Copyright defines, quite literally, the right to make copies: it applies to the forms of creation that can be copied in large numbers, without a loss of the intrinsic value of the work of art, and that are typically accessible to the public in the form of copies. It is quite apparent that this issue only became relevant when the circulation of a high number of copies became feasible and economically viable. The first example in this sense came with the advent of the printing press, which was the catalyst for an exponential growth in the number of books in Europe, from a few thousand available before Gutenberg’s invention (1436) to the about ten million estimated at the end of the Fifteenth century, a mere 50 years later (see here for an extensive coverage of the story of copyright law).
The first measures enacted to grant a form of protection to the right of making copies of a book were the so called “Privileges”, i.e. the authorisation for a printer to be the sole person legally allowed to make copies of a certain book (a more complete overview of the history of early copyright can be found here). However, the first statute to define copyright in the modern sense was the so-called Statute of Anne (1710, 8 Ann., c. 19 (Eng.), named after the then Queen of Anne who supported the creative arts), which contains the following:
[T]he Author of any Book or Books already Printed, who hath not Transferred to any other the Copy or Copies of such Book or Books, Share or Shares thereof, or the Bookseller or Booksellers, Printer or Printers, or other Person or Persons, who hath or have Purchased or Acquired the Copy or Copies of any Book or Books, in order to Print or Reprint the same, shall have the sole Right and Liberty of Printing such Book and Books for the Term of One and twenty Years,… and no longer; and that the Author of any Book or Books already Composed and not Printed and Published, or that shall hereafter be Composed, and his Assignee or Assigns, shall have the sole Liberty of Printing and Reprinting such Book and Books for the Term of Fourteen Years, to Commence from the Day of the First Publishing the same, and no longer.
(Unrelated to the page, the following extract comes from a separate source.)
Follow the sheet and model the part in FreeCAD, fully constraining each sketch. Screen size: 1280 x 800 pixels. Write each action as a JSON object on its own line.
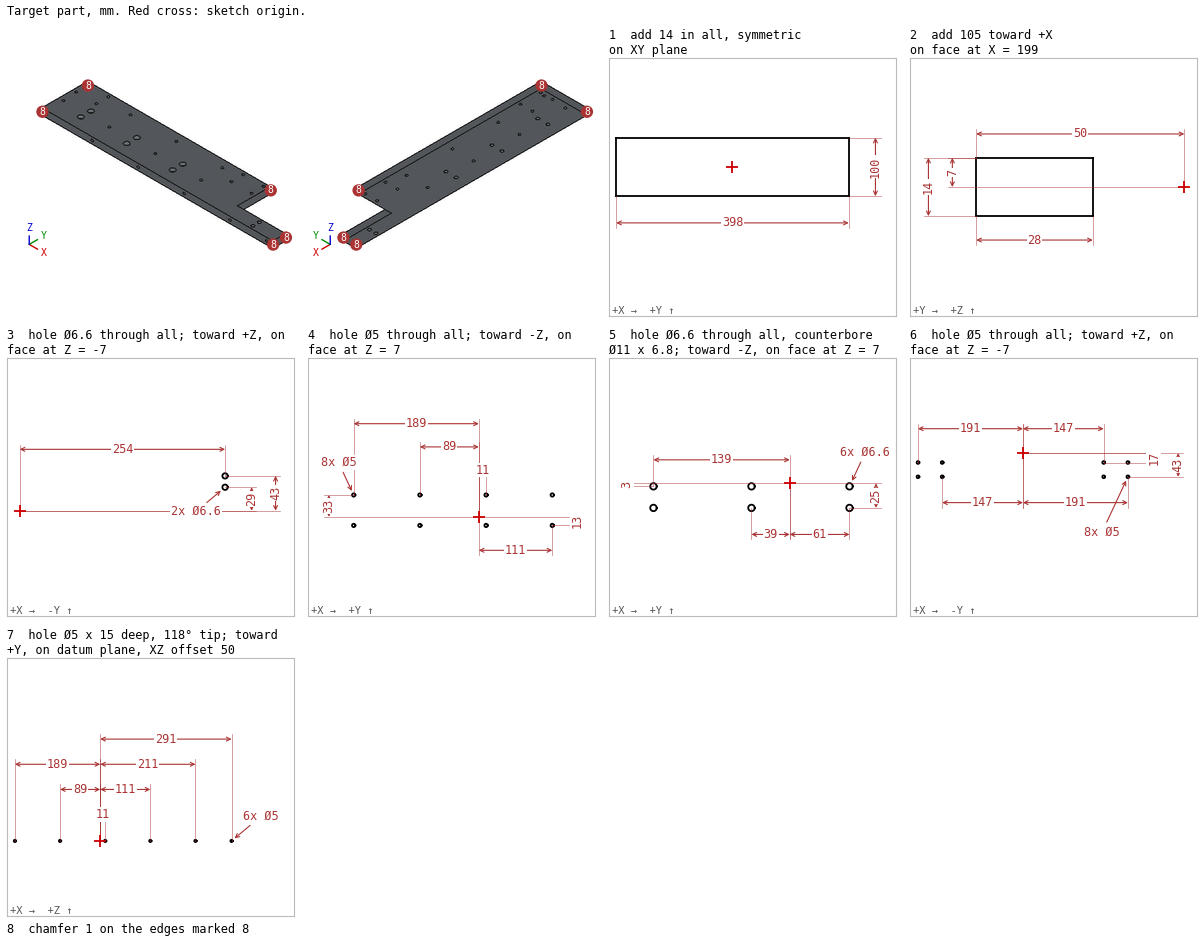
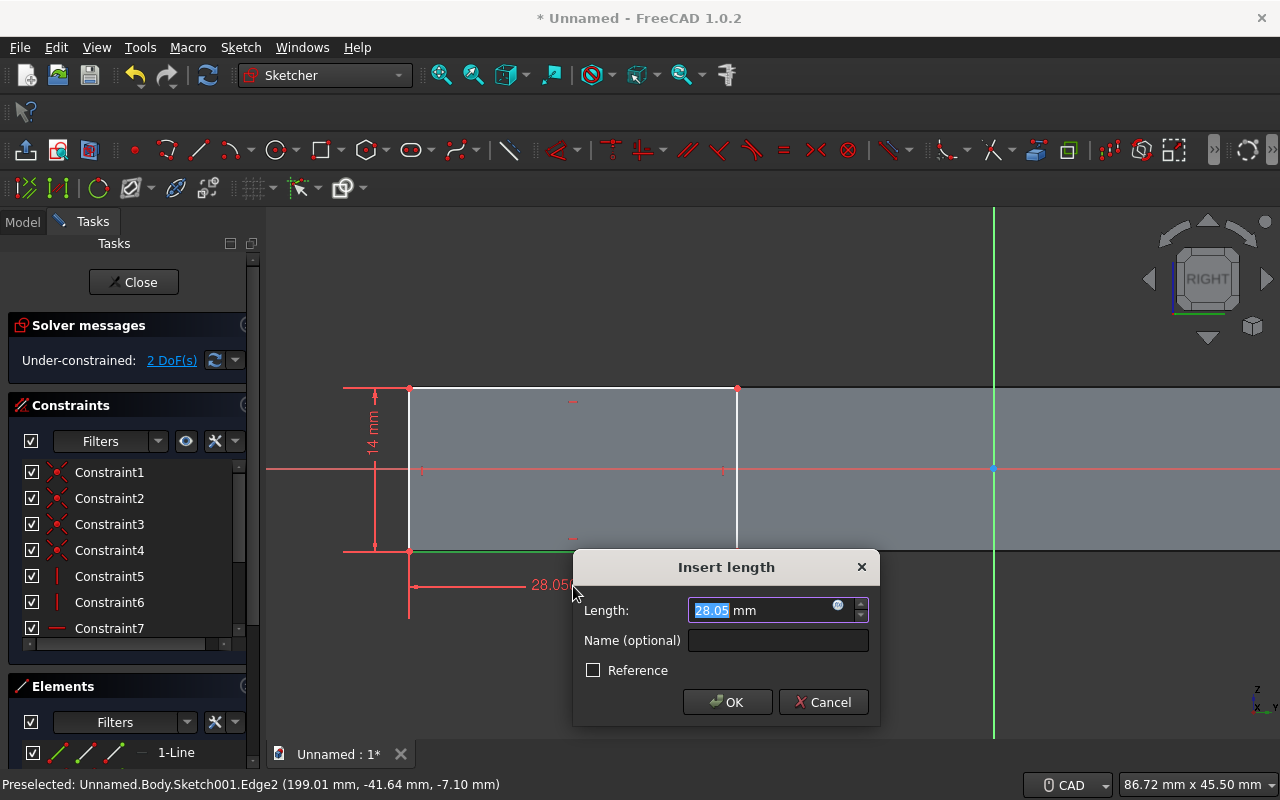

As we can see, the essence of modern copyright law is already here: the owner of the rights has exclusive control over the copies for a limited period of time, before the works become part of the public domain. This articulation tries to strike a balance between two conflicting public interests: incentivizing the creation of art and knowledge, by providing a legal framework for its advantageous financial exploitation, and limiting this right, to ensure accessibility to these works once the author has earned their just reward.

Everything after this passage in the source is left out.